The data generation process cost the team less than $500 using the OpenAI API. In their initial run, fine-tuning the model took three hours on 8 80GB A100s and gave them similar performance results to text-davinci-003 using only $100 worth of cloud computing costs. For less than $1,000, the team created a language model that won 1 more comparison against text-davinici-003 in a blind pairwise comparison evaluation (89 vs. 90). This shows us that it’s more than possible for open source models to catch up quickly; it’s inevitable.
Less is More: Small(er) Data Compared to Big Data
Deepmind’s research and Stanford’s Alpaca model remind us that what’s really constraining the reasoning and output of these models is high-quality, curated training data. Founders and CTOs will likely balance cost, privacy, security, and performance alongside the usual headline improvements in accuracy and reasoning. There are benefits and risks to these two different models, and it’s up to enterprises to balance the cost/benefit analysis for themselves.

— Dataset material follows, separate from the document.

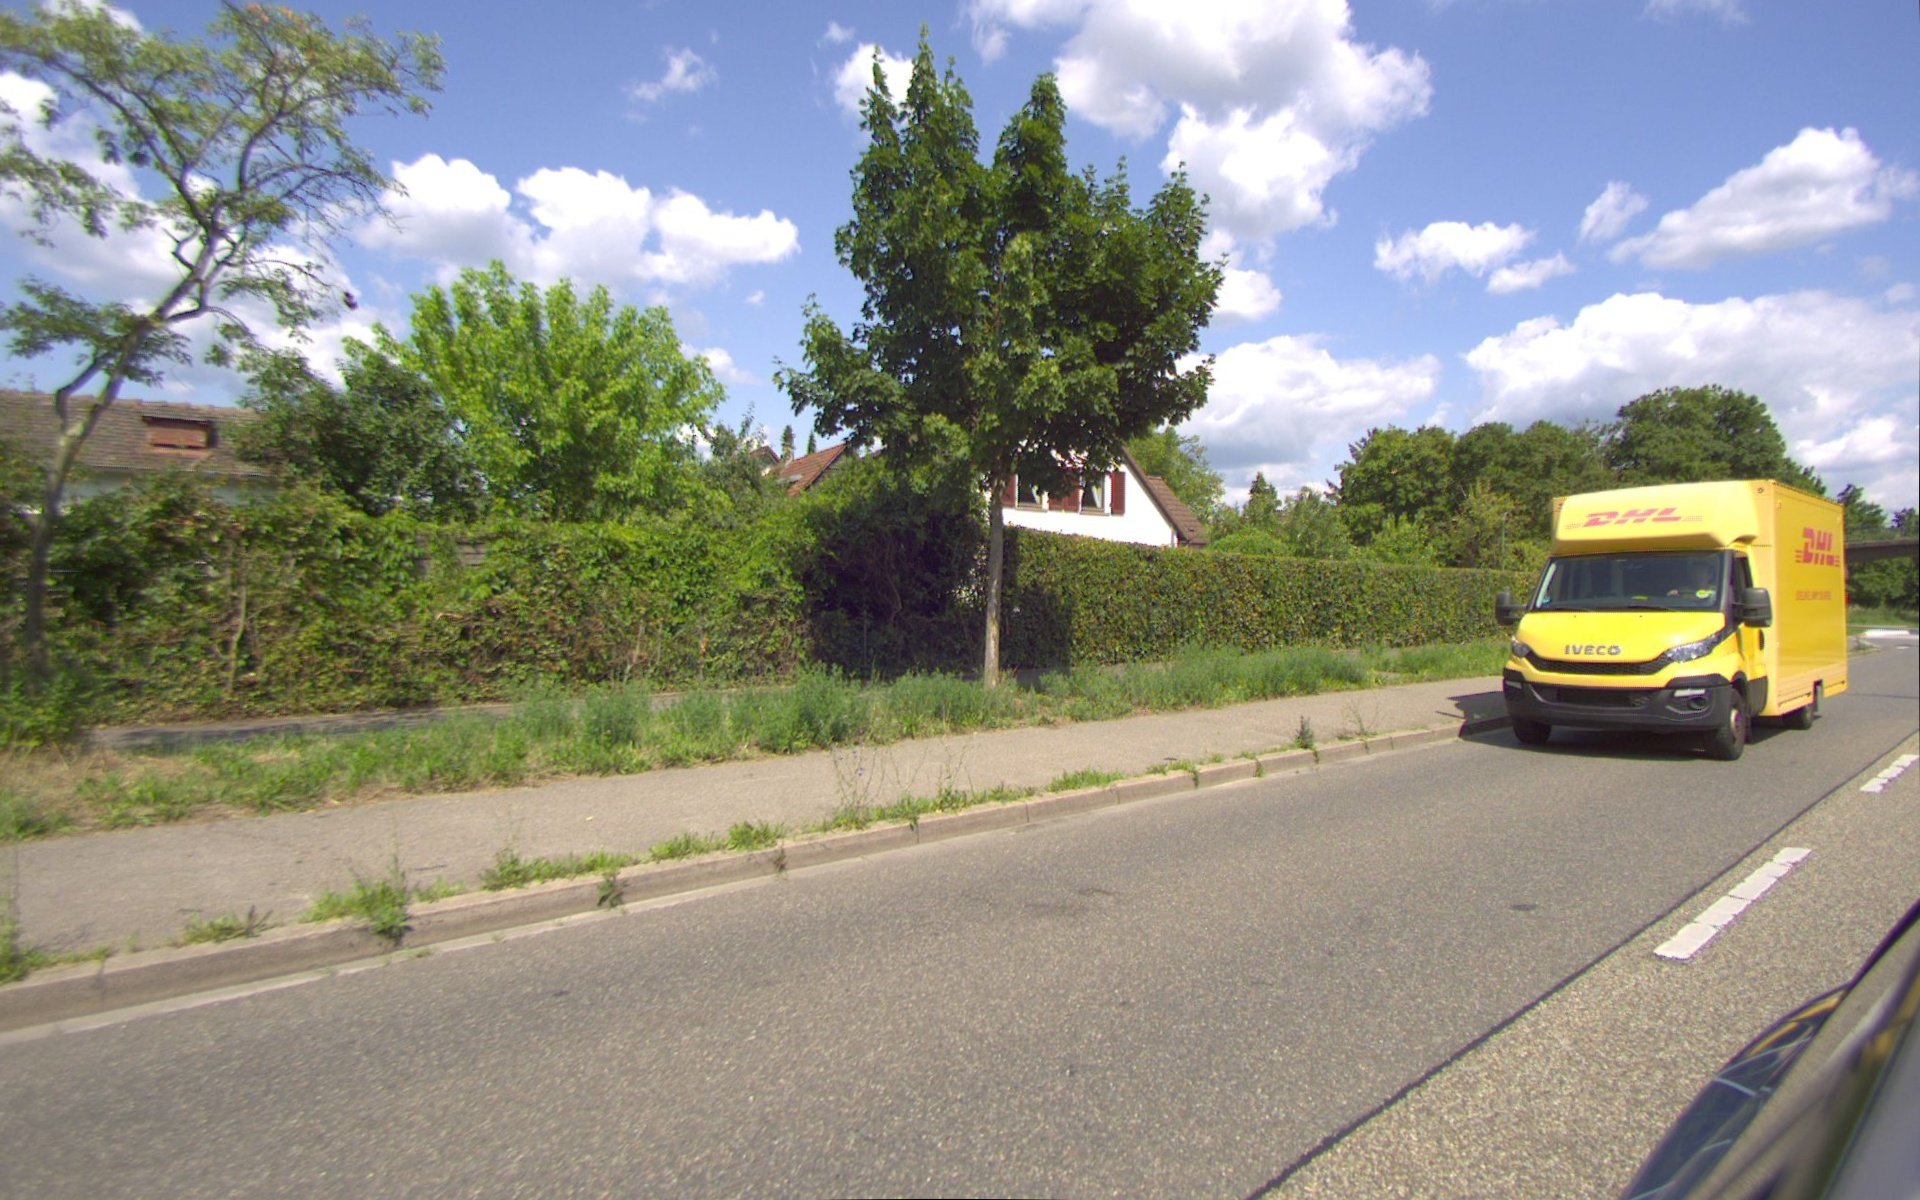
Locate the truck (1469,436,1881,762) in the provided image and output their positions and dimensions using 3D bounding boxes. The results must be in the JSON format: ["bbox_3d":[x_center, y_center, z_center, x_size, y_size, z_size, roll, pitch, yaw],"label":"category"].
[{"bbox_3d":[9.159,0.046,12.486,7.885,2.917,2.269,1,-1,-40],"label":"truck"}]

To understand the tradeoffs practitioners often evaluate, we summarized the pros and cons of open sources and proprietary models, which can be found in the table below.
Open-source models have many benefits. Because these models are self-hosted, you own the model, the data, and the entire ecosystem around it. It’s also much less expensive to run because of the fewer compute parameters needed to get the desired results.

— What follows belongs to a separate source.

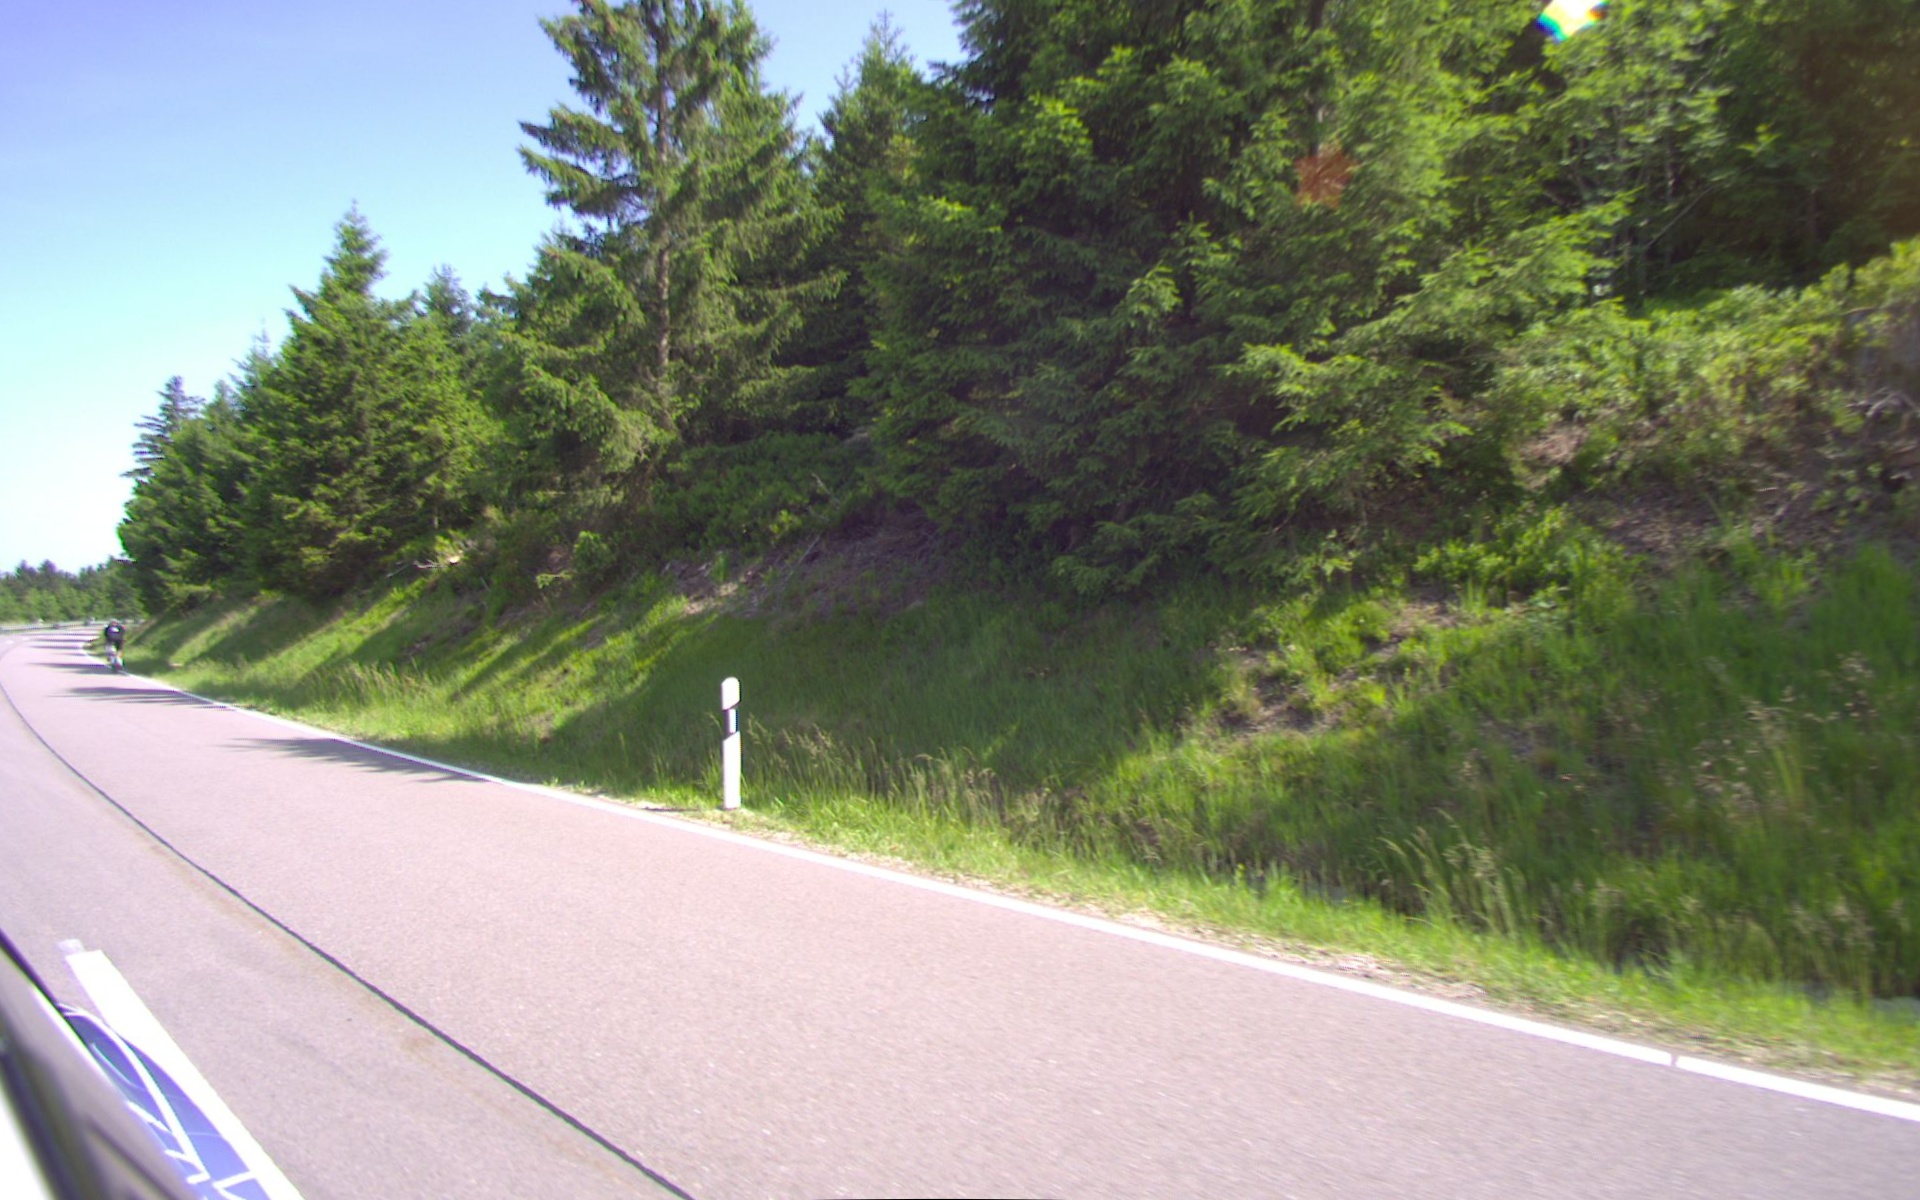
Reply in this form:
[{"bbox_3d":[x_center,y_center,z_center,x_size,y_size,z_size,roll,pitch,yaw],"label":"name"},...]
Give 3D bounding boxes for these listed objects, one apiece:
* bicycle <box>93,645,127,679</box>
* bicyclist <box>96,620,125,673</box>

At the same time, the risk of open-source foundation models is the amount of high-quality labeled data needed to fine-tune. And getting the desired results may take time. Large proprietary models, like OpenAI’s GPT, can give you a good enough output with contextualized prompting and the time to value is much faster than with open-source models. Yet, integrating these models and the computing power needed to run them can be expensive. As these models get more complex, the latency and costs increase.
Finally (and potentially most importantly), a risk of proprietary models is that you’re at the mercy of the foundation model provider’s terms of use, which could lead to data privacy concerns.

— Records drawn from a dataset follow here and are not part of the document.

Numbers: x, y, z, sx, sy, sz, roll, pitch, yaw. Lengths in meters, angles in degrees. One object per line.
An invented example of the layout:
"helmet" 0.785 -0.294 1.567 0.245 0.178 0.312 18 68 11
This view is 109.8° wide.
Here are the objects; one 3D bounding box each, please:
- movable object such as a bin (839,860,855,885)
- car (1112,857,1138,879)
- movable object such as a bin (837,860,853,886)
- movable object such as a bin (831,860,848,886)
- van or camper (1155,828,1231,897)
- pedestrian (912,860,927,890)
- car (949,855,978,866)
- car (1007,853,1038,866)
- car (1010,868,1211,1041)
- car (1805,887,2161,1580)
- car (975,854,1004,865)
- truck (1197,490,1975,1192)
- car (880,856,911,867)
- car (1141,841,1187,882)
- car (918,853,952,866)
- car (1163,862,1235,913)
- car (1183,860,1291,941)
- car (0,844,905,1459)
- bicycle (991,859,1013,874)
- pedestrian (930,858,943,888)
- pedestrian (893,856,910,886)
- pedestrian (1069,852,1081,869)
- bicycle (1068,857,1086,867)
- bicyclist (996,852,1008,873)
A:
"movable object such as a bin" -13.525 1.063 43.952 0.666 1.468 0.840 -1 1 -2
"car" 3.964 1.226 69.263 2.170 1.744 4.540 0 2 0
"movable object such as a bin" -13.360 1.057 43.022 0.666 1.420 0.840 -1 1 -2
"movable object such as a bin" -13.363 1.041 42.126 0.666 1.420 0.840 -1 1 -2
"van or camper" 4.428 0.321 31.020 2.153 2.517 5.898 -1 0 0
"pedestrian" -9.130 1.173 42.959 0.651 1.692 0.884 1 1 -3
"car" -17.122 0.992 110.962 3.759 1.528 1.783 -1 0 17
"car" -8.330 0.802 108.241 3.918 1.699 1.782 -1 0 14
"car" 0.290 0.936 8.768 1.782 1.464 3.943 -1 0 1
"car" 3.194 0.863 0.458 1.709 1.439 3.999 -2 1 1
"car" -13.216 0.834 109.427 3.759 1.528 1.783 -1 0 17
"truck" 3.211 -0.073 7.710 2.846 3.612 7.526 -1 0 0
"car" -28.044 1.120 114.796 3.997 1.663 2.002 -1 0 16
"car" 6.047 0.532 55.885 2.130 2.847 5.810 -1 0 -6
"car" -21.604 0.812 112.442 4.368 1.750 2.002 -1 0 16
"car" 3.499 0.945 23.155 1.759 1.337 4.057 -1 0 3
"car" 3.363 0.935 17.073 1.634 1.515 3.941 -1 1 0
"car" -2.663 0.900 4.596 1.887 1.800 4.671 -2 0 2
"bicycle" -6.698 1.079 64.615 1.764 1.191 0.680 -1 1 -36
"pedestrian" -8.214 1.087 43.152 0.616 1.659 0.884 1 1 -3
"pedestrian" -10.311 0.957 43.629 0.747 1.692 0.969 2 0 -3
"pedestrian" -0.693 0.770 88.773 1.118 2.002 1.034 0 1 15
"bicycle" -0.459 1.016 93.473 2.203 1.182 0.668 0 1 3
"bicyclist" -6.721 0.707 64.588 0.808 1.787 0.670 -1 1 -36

Foundation Model Innovation is Not Binary
We’re heading into a world where everyone has access to these models, and enterprises and individuals alike will get tons of value from them. It’s up to enterprises to decide not only how they’ll create the next industry-disrupting technology using proprietary or open-source models but also how they’ll tweak them in a way that gives them better results for their specific use case. This kind of innovation isn’t a binary approach: open-source and proprietary models can work harmoniously.
For example, Klarity uses a combination of optical character recognition (OCR) tools, BERT, and other models to turn contracts into machine-readable corpuses of data. They then use GPT-4 to extract and understand contracts through 0 and k-shot learning. The space is evolving at a blistering pace, and we’re excited to see what developers, entrepreneurs, and machine learning engineers flock to in the coming months.
Despite whatever media hype cycle exists about large proprietary models, they aren’t always the panacea that we infer them to be. For many entrepreneurs building the next great company, the technical reality is often a mix of models of different sizes. These two realities can coexist — it’s just a matter of how companies use them.